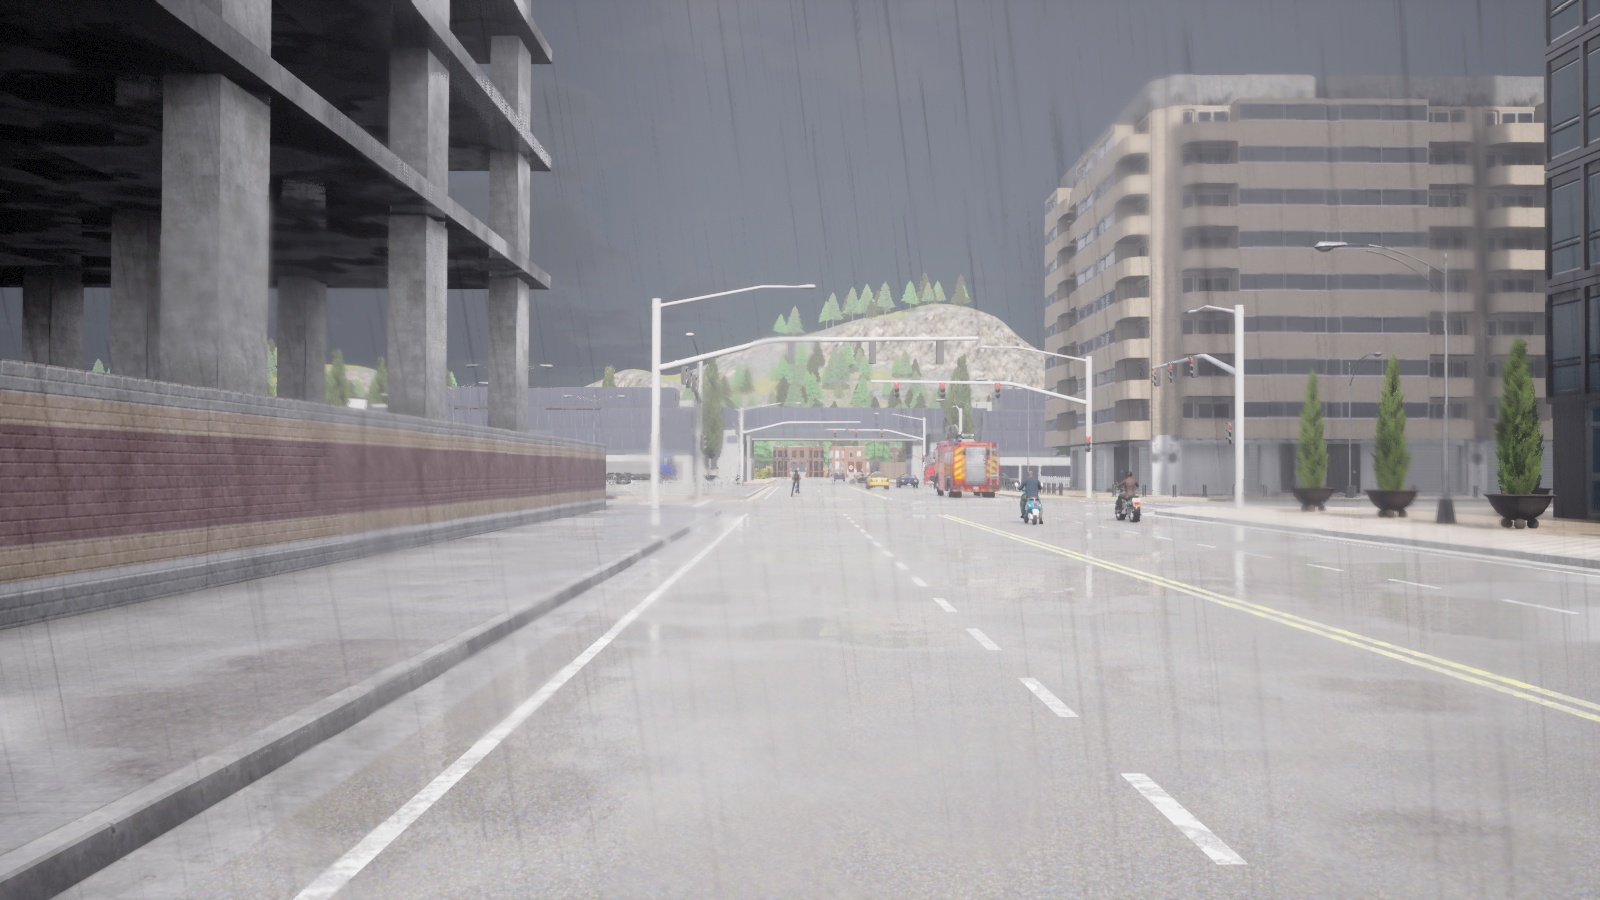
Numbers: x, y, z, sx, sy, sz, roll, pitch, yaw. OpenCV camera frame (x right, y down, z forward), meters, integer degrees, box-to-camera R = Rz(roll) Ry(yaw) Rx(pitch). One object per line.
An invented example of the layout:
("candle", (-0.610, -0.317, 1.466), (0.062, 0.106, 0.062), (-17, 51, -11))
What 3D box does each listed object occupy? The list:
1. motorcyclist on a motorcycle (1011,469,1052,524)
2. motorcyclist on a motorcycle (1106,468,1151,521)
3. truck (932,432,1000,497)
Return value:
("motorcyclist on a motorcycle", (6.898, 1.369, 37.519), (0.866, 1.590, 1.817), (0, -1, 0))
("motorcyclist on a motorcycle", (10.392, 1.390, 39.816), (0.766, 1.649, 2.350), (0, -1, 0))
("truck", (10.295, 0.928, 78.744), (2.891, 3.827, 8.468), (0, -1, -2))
####
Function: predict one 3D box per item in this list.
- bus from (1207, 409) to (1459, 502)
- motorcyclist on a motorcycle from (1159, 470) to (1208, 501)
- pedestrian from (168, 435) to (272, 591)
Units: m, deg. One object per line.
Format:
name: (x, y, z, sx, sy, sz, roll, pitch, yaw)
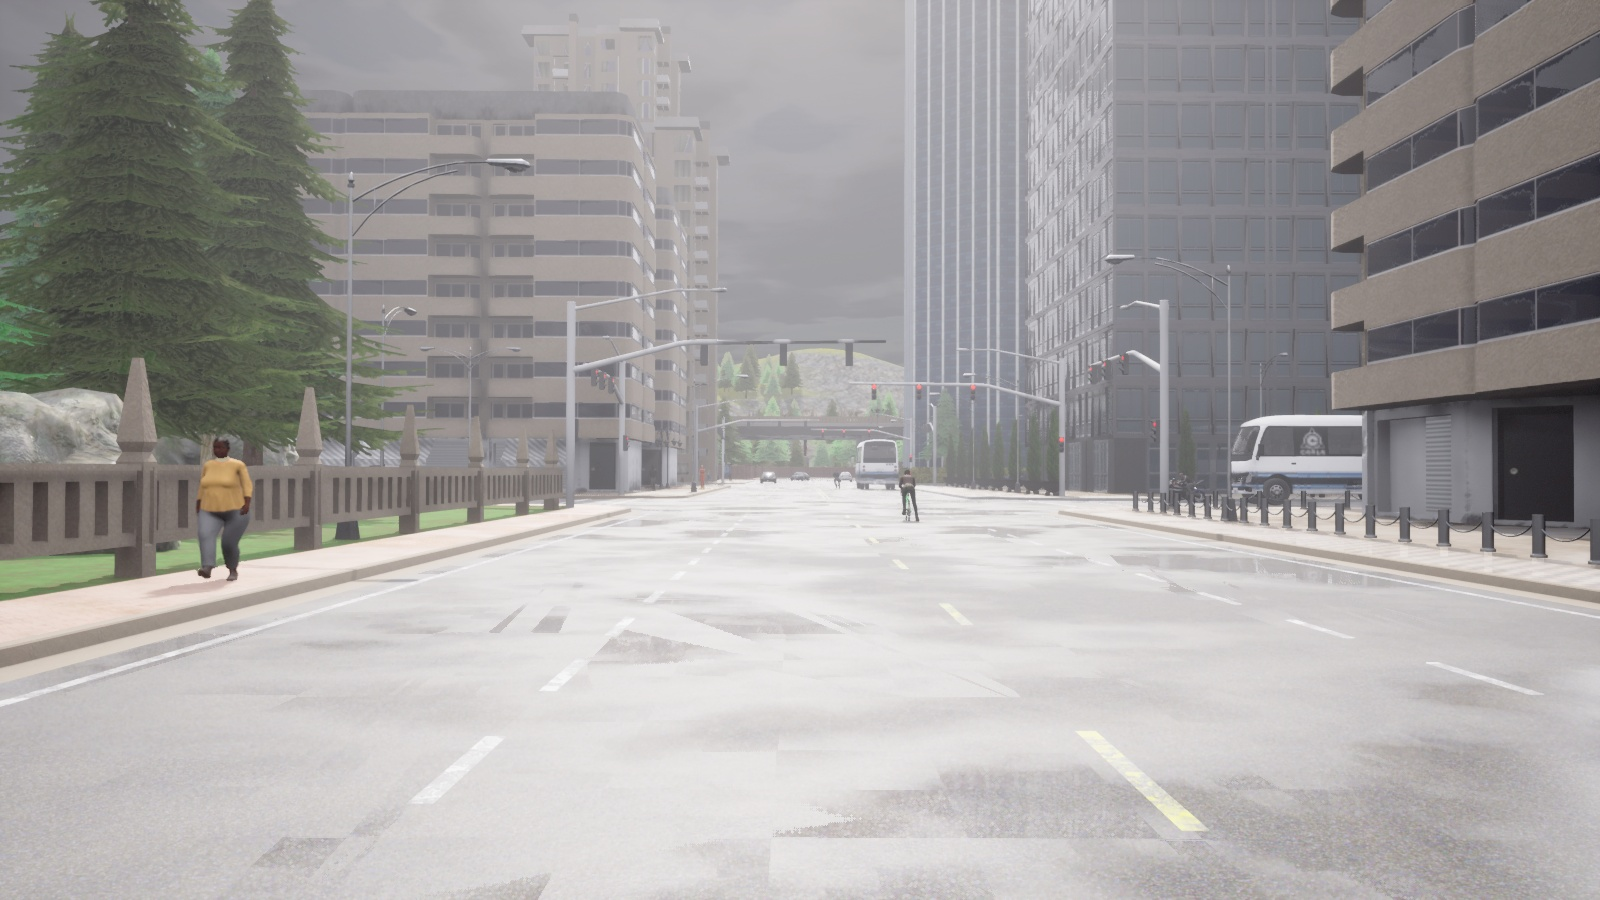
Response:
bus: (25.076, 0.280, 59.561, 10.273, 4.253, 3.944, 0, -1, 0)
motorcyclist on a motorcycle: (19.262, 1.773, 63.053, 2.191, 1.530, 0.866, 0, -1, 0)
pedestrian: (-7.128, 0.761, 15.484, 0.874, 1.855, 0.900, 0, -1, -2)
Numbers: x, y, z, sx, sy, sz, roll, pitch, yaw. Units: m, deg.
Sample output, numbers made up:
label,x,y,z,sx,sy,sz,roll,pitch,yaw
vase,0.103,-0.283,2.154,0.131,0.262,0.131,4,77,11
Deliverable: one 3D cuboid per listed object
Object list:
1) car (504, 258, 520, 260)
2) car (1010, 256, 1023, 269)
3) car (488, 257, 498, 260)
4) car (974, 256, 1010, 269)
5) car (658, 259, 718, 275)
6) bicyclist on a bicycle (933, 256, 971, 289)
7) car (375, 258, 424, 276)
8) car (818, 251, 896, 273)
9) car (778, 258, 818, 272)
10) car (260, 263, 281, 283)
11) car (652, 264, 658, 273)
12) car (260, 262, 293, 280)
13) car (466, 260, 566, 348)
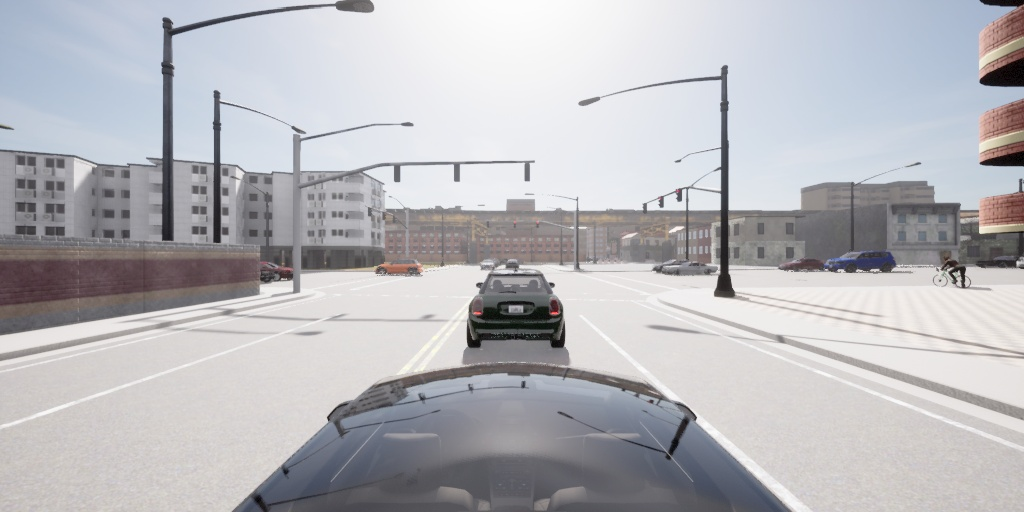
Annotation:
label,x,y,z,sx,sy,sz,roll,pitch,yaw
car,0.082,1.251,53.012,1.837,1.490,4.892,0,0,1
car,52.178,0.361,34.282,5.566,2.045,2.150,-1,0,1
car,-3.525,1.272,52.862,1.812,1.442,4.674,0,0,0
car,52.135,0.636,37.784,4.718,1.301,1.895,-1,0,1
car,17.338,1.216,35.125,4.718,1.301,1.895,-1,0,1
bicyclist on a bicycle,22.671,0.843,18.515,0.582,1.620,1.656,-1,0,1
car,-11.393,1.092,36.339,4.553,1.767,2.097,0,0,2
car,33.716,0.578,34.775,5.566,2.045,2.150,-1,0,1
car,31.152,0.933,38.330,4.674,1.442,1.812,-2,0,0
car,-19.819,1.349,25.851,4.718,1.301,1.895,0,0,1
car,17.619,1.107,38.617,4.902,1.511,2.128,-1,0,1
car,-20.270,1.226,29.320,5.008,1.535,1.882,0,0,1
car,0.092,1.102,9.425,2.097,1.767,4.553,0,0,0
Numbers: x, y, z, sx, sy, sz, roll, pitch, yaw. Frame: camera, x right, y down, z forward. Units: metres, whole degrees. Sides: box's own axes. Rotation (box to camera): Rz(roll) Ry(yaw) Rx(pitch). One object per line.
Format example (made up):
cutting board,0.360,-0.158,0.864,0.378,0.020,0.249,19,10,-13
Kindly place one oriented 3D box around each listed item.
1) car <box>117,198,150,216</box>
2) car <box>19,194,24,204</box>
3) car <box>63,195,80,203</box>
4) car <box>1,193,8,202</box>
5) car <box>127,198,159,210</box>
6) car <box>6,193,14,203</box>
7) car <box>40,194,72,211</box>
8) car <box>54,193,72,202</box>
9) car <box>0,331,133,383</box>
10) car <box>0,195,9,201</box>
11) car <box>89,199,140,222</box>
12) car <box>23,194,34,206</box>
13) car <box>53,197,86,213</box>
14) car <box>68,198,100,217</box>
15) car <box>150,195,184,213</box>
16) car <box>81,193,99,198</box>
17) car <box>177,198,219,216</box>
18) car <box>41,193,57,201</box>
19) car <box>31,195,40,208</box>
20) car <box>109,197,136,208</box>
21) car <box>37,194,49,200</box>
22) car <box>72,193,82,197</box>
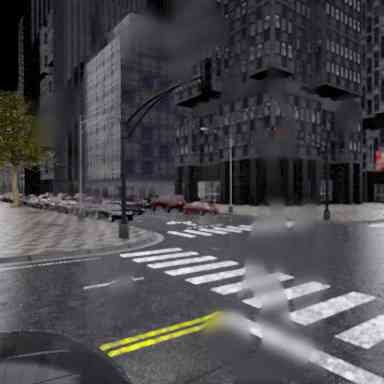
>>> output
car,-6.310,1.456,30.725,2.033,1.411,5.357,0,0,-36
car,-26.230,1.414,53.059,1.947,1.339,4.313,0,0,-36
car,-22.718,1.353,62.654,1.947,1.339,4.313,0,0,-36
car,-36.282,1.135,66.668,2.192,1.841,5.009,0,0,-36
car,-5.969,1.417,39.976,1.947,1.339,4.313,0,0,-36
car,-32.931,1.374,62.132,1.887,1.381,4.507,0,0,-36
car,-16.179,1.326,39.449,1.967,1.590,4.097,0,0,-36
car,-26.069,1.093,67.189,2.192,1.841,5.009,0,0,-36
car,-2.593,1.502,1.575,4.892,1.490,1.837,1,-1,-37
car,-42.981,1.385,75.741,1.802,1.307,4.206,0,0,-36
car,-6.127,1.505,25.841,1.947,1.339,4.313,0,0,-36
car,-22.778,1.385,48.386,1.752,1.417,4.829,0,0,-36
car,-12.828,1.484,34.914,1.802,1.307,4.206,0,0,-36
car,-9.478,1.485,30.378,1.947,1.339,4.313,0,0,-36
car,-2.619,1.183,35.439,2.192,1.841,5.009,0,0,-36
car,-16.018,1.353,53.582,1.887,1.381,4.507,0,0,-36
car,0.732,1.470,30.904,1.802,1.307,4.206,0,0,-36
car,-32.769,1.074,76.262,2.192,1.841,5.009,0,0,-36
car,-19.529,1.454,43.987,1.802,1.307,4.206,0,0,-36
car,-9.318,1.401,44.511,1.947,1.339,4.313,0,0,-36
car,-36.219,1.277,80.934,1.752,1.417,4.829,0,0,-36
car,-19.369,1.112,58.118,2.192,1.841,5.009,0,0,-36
####
Assignment. The exact lines of the material above starting at the one that contains "13) car <box>53,197,86,213</box>" and ending at the one that contains "22) car <box>72,193,82,197</box>" are what to retype; leave out everything else.

Answer space.
13) car <box>53,197,86,213</box>
14) car <box>68,198,100,217</box>
15) car <box>150,195,184,213</box>
16) car <box>81,193,99,198</box>
17) car <box>177,198,219,216</box>
18) car <box>41,193,57,201</box>
19) car <box>31,195,40,208</box>
20) car <box>109,197,136,208</box>
21) car <box>37,194,49,200</box>
22) car <box>72,193,82,197</box>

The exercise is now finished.